Salir del lío con alguna expectativa requiere que el Estado central no se ensimisme y se aplaste entre exigencias europeas y demandas comunitarias; que las Comunidades no se ensimismen en sus glorias y los Ayuntamientos en sus fiestas; que la sociedad civil no se conforme con seguir segmentando sus exigencias y lamentos. No es que partidos, medios de comunicación, sindicatos, empresarios y otros colectivos deban pensar en otras cosas, es que deben pensar de manera diferente. Lo federal así resumido no es la panacea, no es magia, pero es lo que mejor podría servir para hacer pedagogía del reconocimiento de lo complejo, frente a lo ilusorio de querer recuperar un mundo de unidades simples, de piezas de puzzle que encajan en sus destinos manifiestos. Eso ya no existe.

Como ya no existen, aunque resisten, el conservadurismo templado que algunos estimaron, o un espacio socialdemócrata y sencillamente keynesiano, o el liberalismo ultra que arrasa con la libertad. Como no puede existir un patriotismo romántico sin hacer mucho daño.
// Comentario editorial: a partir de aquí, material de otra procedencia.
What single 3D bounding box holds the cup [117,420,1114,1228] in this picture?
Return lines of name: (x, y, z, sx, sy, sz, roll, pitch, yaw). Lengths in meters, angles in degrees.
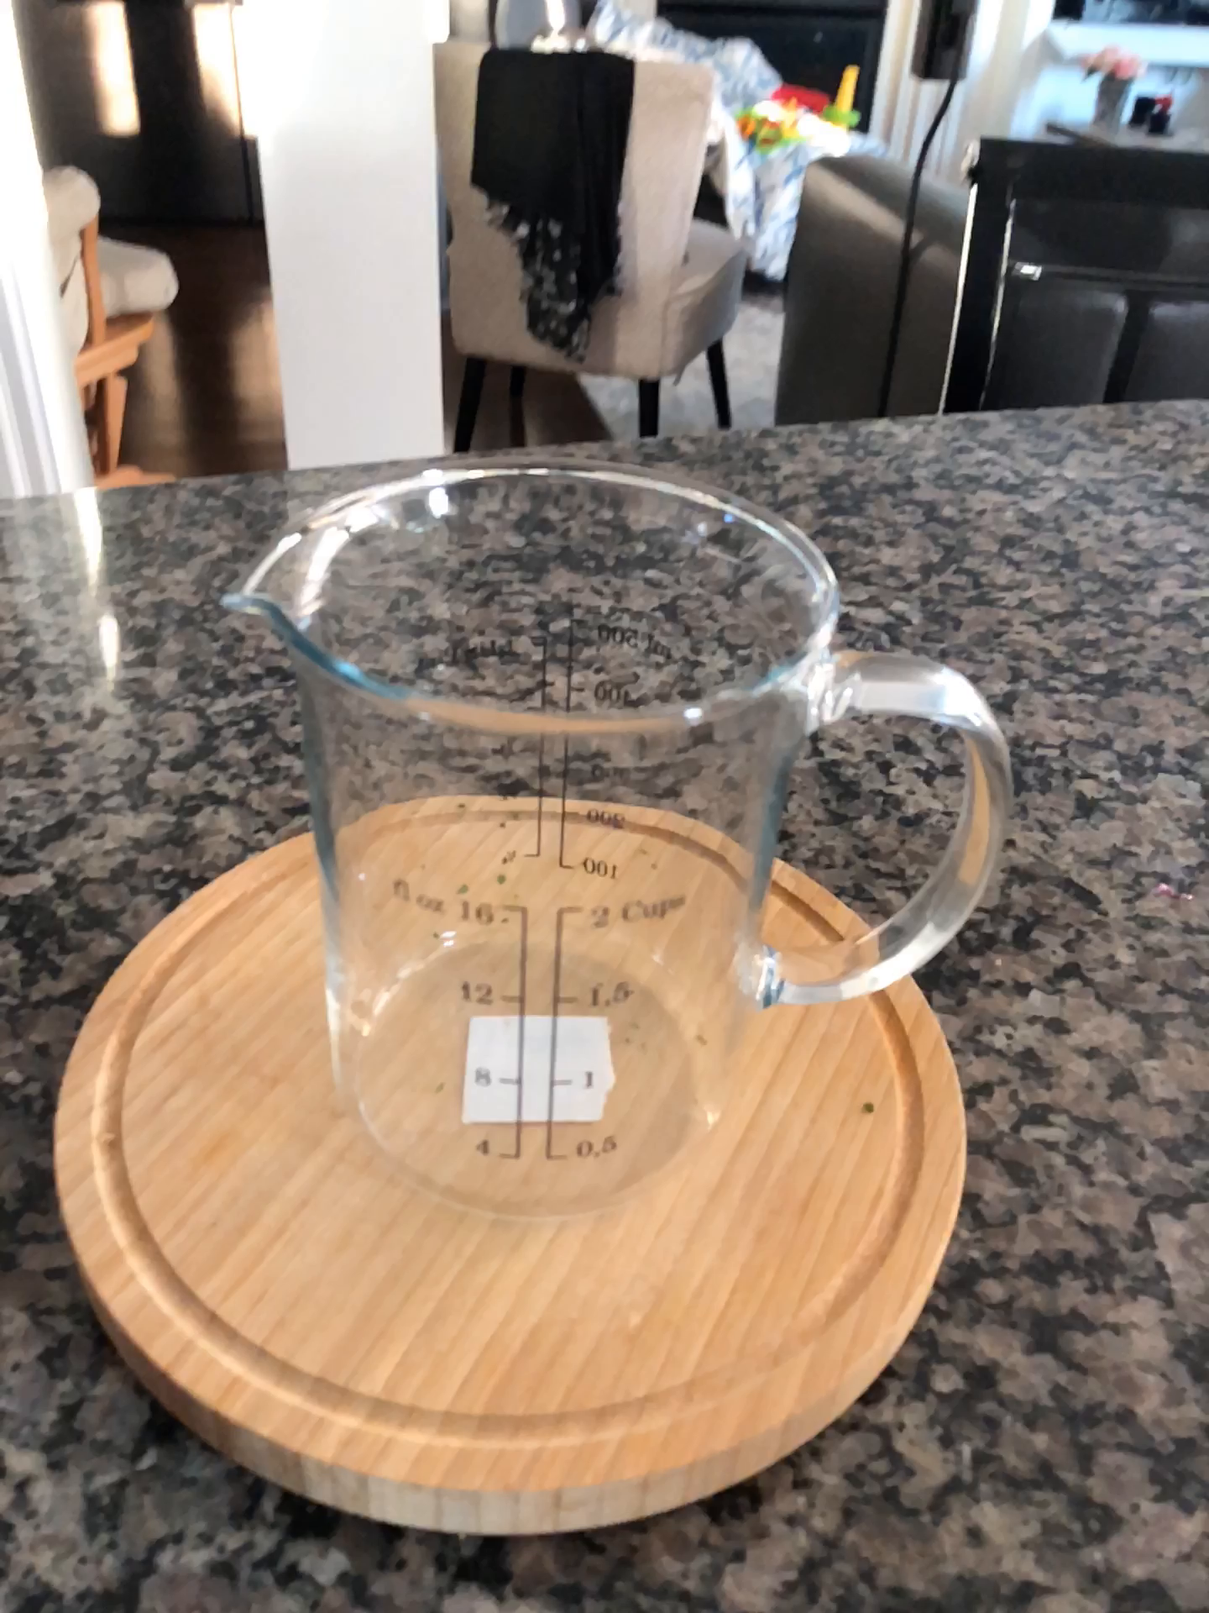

Como ni siquiera existen ya “políticas del cambio”, palabras que se hicieron discursos y acamparon entre nosotros -¡cuánta triste melancolía y falta de sentido histórico en los análisis del 15-m!-. De todo ello quedan y perdurarán rastros más o menos estimables -según para quién, claro-, enseñanzas fundamentales, símbolos gloriosos, políticos y políticas valiosos que guiarán mucho tiempo nuestras decisiones. Pero hace falta algo más. Porque lo peor que nos podría pasar, ahora, es quedarnos confinados viralmente en este después, de perfiles tan inciertos.